Our study has several strengths and limitations. More than 35 thousand of patients were included and, in spite of the nearly 1000 patients with type 2 DM lost, there were no differences in the incidences and incidence rates between the groups after propensity matching. We tried that the possibility of residual confounding, by the measured covariates and confounding by the unmeasured covariates that explain the associations between Type 2 DM and first cardiovascular event, were unlikely, considering that our patients were matched in 22 baseline characteristics and the conclusions of our analysis of sensitivity suggest that the association between Type 2 DM and a first cardiovascular event was quite insensitive to an unmeasured binary confounder.

Within limitations, we faced restrictions to access to sociodemographic data due to restrictions from the insurance company. In order to identify the diagnosis of cardiovascular outcomes we used the records of previous cardiovascular events and the ICD-10 hospital discharge code. However, we could not have data on confirmatory tests.

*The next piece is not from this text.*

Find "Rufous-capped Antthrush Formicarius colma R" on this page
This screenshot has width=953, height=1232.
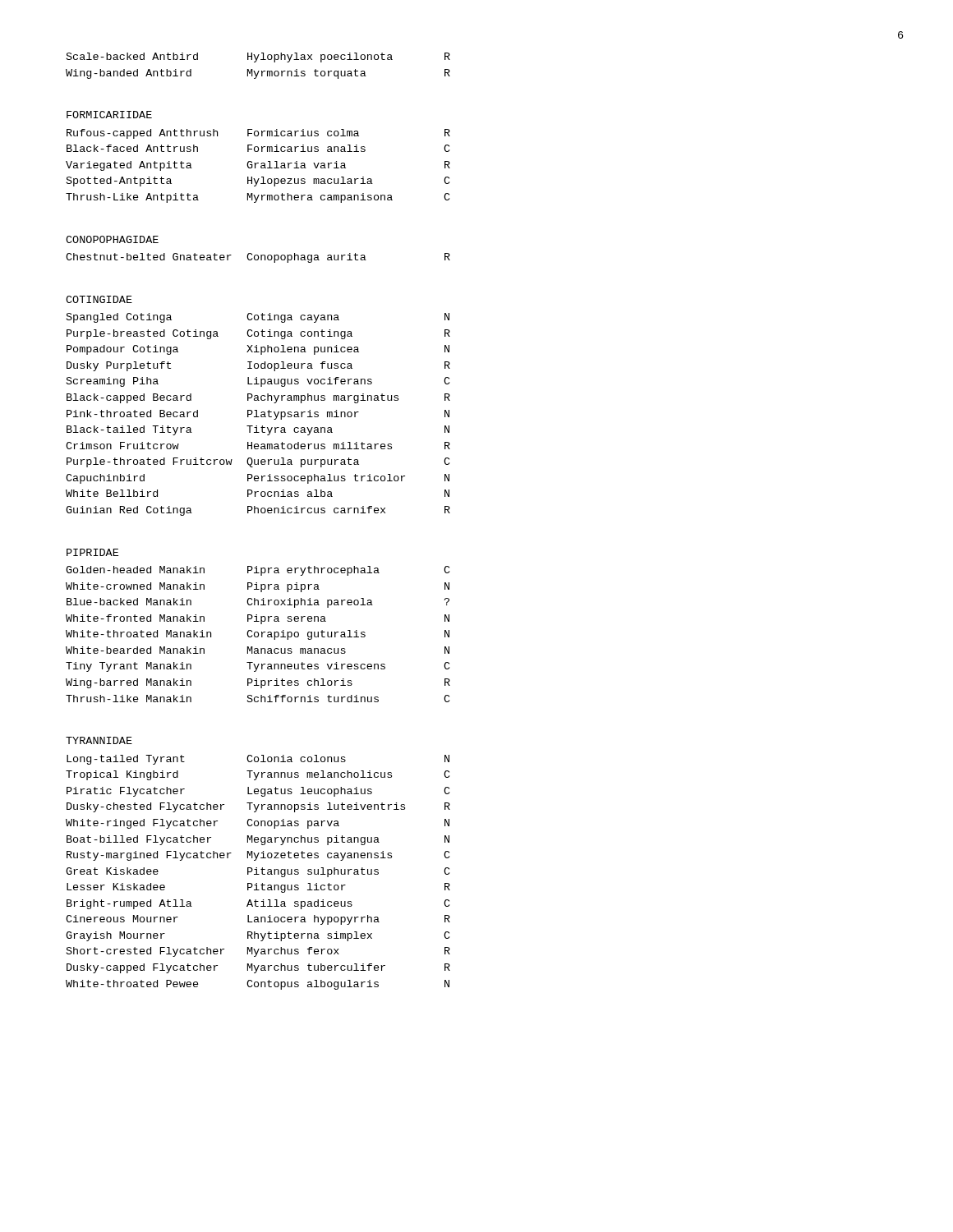267,133
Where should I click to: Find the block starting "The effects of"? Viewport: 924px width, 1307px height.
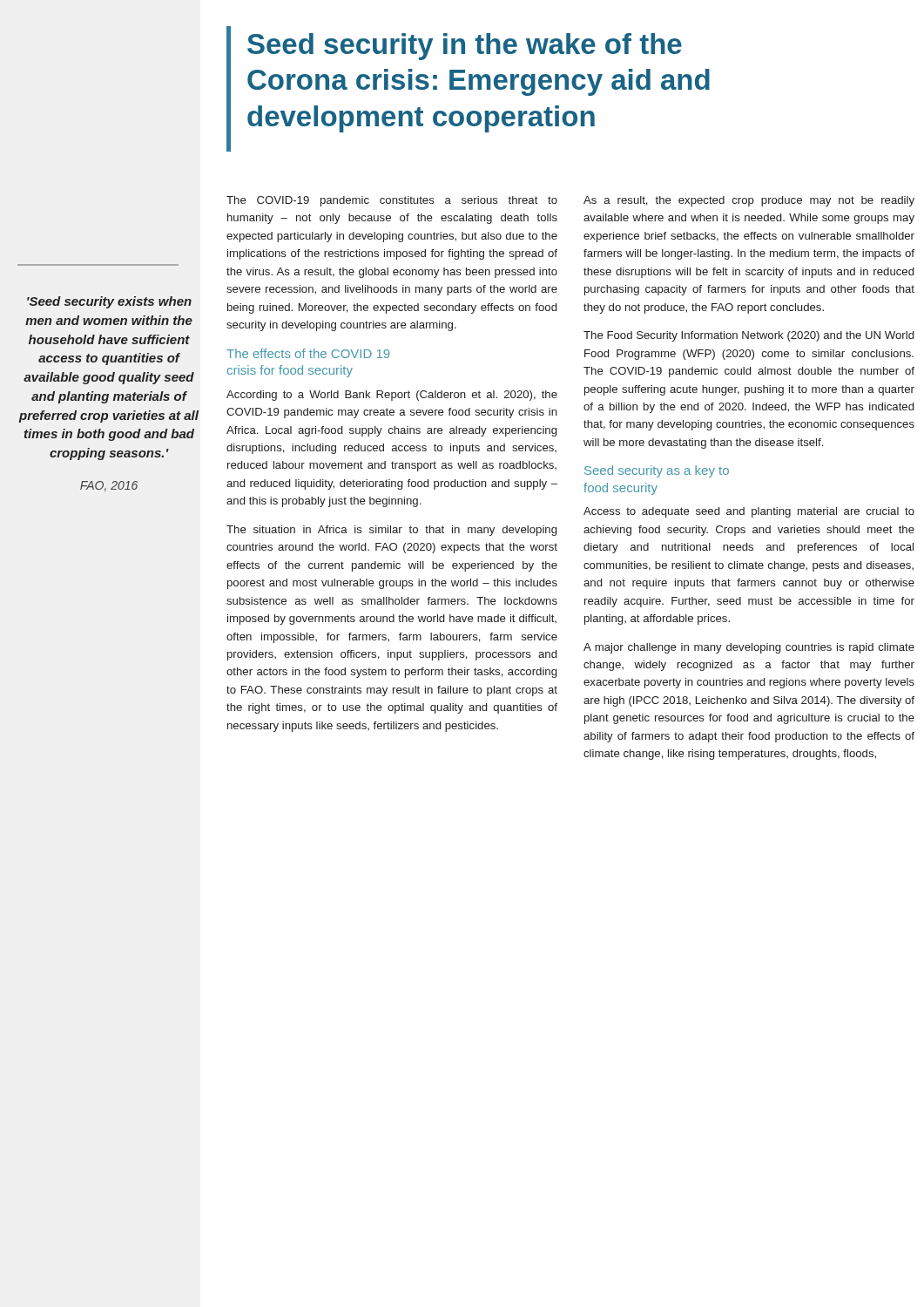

On the other hand, the exact date of death of patients and date of enrollment on the cardiovascular risk management program was not available.

We did not have access to information related to the treatment of cardiovascular events such as medications, thrombolysis, percutaneous coronary intervention (PCI), coronary artery bypass surgery (CABG), etc. In conclusion, in the poor population of the Colombian Caribbean without a personal history of cardiovascular events receiving standard therapy, DM produces cardiovascular outcomes. It is not known if a more aggressive screening of DM, DM education at every level, quality care registries and taxes on sugary drinks can reduce the risk of a first cardiovascular event in these patients and should be determined prospectively in future studies in Latin America.